Themen wie die Importabhängigkeit in vielen Branchen, sichere Lieferketten sowie eine resiliente, möglichst lokale Produktion wurden durch die jüngsten weltpolitischen Krisen wie dem Krieg in der Ukraine oder den Konflikten mit China wieder angeheizt. Neben der Energieabhängigkeit steht besonders auch die Mikroelektronik im Fokus. Denn ohne sie würde heute fast gar nichts mehr laufen. Im Süden Österreichs haben einige der wenigen übriggebliebenen Produktionsstätten für Mikrochips in Europa nach den massiven Produktionsauslagerungen nach Asien überlebt. Und globale Größen wie Infineon oder AT&S bauen nun massiv aus, ganz im Sinne des European Chip Act. Eine weitere Größe, NXP Austria, forscht besonders im Bereich kontaktloser Systeme, IoT und Security by Design, und die neue ams Osram Group mit Hauptsitz in Premstätten/Graz und in München (Standort der ehemaligen Osram) ist nun ein Konzern mit 22.000 Mitarbeiter*innen und 4,8 Mrd. Euro Umsatz, der sich auf die Bereiche Sensorik, Beleuchtung und Visualisierung konzentriert. Der Name Silicon South passt also besser denn je für die Region rund um Kärnten und der Steiermark. Für großes Aufsehen hatte etwa im Herbst 2021 die neue Chipfabrik von Infineon in Villach gesorgt, in der hocheffiziente Leistungselektronikbauteile mittels 300-Millimeter-Dünnwafer-Technologie produziert werden. Rund 1,6 Mrd. Euro wurden investiert und zugleich ein neues Forschungszentrum mit Forschungslabors eingerichtet. Ein besonderes Highlight ist das neue Quanten-Testlabor am Standort Villach, das vor einem Jahr feierlich im Beisein von Infineon-Chefin Sabine Herlitschka, Joanneum Research-Geschäftsführer Heinz Mayer, FFG-Geschäftsführerin Henrietta Egerth und Thomas Monz, Senior Researcher der Universität Innsbruck, eröffnet wurde (siehe Foto rechts). Hier können nun industriell gefertigte Quantenchips in kurzen Zyklen getestet werden, was Forschung und Entwicklung deutlich beschleunigen. Das Ziel ist, gemeinsam die Entwicklung von marktfähigen Quantencomputern weiter voranzutreiben. Quantencomputer werden als eine der wichtigsten Schlüsseltechnologien des 21. Jahrhunderts gesehen. Weltweit fließen längst hohe Milliardenbeträge in diese bahnbrechende Zukunftstechnologie.
Quantenforschung
Europa und auch das kleine Österreich sind, dank dem herausragenden Know-how der Universitäten in Wien und in Innsbruck und Forschergrößen wie Anton Zeilinger und vielen mehr, bei der Forschung vorne dabei. Gemeinsam wird etwa im Projekt „OptoQuant“ an ionenbasierten Quantenprozessoren mit integrierter Optik geforscht, um damit marktfähige Quantencomputer zu realisieren. „Mit den gemeinsamen Quantenaktivitäten nutzen wir die große Chance, aus Österreich und Europa heraus in diesem globalen Zukunftsfeld an wegweisenden Entwicklungen möglichst eine Vorreiterrolle zu erarbeiten“, verkündete Infineon-Chefin Herlitschka bei der Lab-Eröffnung. Mittlerweile hat sich schon wieder einiges weiterentwickelt.
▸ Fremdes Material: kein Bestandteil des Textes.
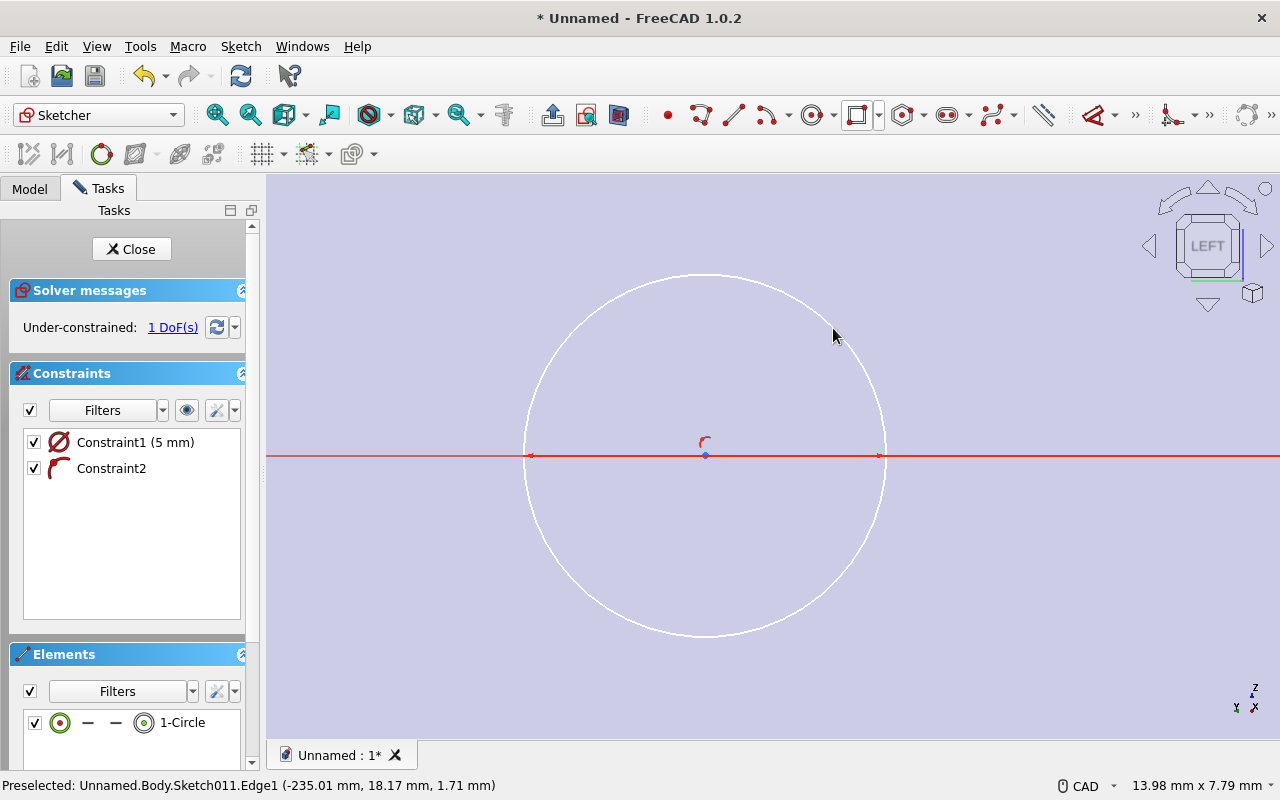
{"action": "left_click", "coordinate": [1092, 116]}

„Unser ambitioniertes Ziel ist es, den ersten sinnvollen Quantencomputer der Welt zu installieren und zu betreiben – auf Basis von Ionenfallen und in Europa“, meinte etwa Richard Kuncic, Leiter der Business Line DCDC von Infineon, Ende 2022 in einem Bericht auf elektroniknet.de. Konkret wird an einem Ionenfallen-Rechner gearbeitet. Dieser Prozessor hat einige Vorteile gegenüber supraleitenden Systemen wie etwa einen deutlich geringeren Kühlaufwand. In Villach wird nun intensiv an diesem vielversprechenden Ansatz für einen Quantencomputer geforscht. Das Team hat große Pläne. Denn wenn alles klappt, sollen schon in fünf Jahren die ersten integrierten Quantum Processor Units vom Band laufen. Dazu wurde mit Oxford Ionics, einem führenden Quantencomputerhersteller, eine Kooperation eingegangen. Infineon liefert die neue Ionenfalle und Oxford Ionics die eigene elektronische Qubit-Steuerung.